Task objective
Search the listing below for the word "whole" and return each line that contains it.
========================================
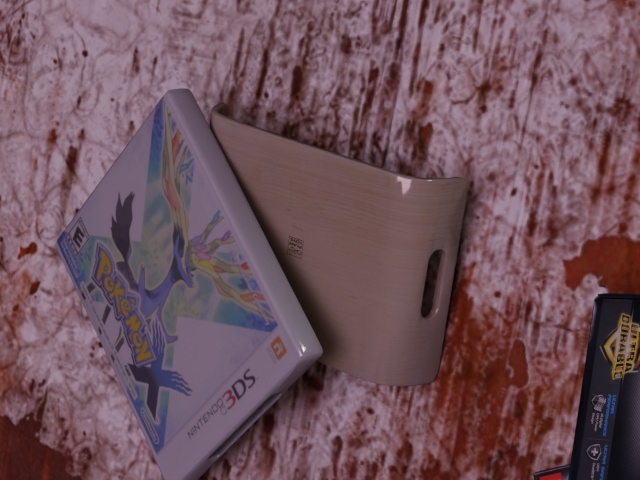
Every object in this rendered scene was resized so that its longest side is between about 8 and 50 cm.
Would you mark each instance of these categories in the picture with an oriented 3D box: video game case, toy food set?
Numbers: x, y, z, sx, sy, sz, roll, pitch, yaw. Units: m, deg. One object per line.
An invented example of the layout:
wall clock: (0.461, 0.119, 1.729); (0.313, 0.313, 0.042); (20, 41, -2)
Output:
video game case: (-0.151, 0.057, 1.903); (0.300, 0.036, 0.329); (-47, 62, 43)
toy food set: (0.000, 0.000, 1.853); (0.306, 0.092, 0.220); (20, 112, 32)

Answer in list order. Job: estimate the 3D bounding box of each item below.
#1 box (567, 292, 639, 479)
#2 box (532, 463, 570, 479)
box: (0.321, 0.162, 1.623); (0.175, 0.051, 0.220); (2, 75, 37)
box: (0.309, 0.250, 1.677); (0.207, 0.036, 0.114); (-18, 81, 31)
========================================
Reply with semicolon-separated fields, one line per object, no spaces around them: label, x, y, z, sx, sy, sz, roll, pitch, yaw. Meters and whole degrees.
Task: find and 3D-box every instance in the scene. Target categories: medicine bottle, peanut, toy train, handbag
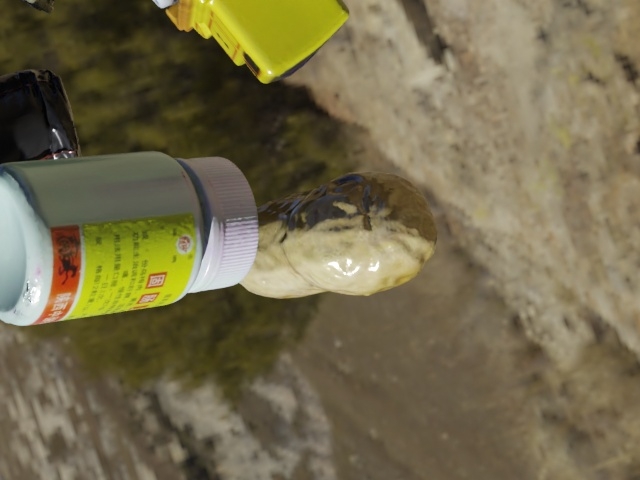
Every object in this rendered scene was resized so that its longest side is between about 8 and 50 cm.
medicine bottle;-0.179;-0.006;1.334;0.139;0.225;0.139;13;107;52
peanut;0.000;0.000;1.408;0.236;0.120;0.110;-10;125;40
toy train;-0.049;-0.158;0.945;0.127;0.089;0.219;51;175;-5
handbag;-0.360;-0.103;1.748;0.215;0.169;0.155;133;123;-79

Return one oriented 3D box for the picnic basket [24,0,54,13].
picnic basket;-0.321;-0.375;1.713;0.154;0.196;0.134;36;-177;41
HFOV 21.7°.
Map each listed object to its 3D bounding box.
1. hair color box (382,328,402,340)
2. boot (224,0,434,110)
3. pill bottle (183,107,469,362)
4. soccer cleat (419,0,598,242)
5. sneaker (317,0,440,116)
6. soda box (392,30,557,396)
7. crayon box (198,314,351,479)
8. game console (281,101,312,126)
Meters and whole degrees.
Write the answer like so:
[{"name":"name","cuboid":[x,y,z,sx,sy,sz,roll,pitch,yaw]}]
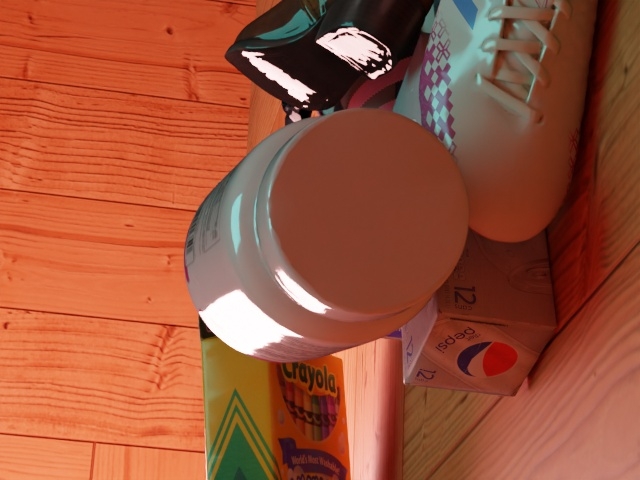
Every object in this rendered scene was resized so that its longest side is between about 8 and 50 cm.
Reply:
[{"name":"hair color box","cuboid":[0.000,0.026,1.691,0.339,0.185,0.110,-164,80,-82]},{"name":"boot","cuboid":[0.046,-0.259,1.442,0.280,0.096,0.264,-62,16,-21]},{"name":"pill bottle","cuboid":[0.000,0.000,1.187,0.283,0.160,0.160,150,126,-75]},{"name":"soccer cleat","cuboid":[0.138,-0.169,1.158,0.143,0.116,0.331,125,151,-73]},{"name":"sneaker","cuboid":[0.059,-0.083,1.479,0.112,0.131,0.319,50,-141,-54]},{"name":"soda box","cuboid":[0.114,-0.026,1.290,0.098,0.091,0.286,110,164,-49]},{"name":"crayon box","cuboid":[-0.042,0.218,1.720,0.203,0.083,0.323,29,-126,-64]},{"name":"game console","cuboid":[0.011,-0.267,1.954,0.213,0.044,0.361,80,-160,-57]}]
========================================
Response to the task
Reply with semicolon-separated fields, one line per object, no spaces around them: label, x, y, z, sx, sy, sz, roll, pitch, yaw. Meters and whole degrees.
Meters and whole degrees.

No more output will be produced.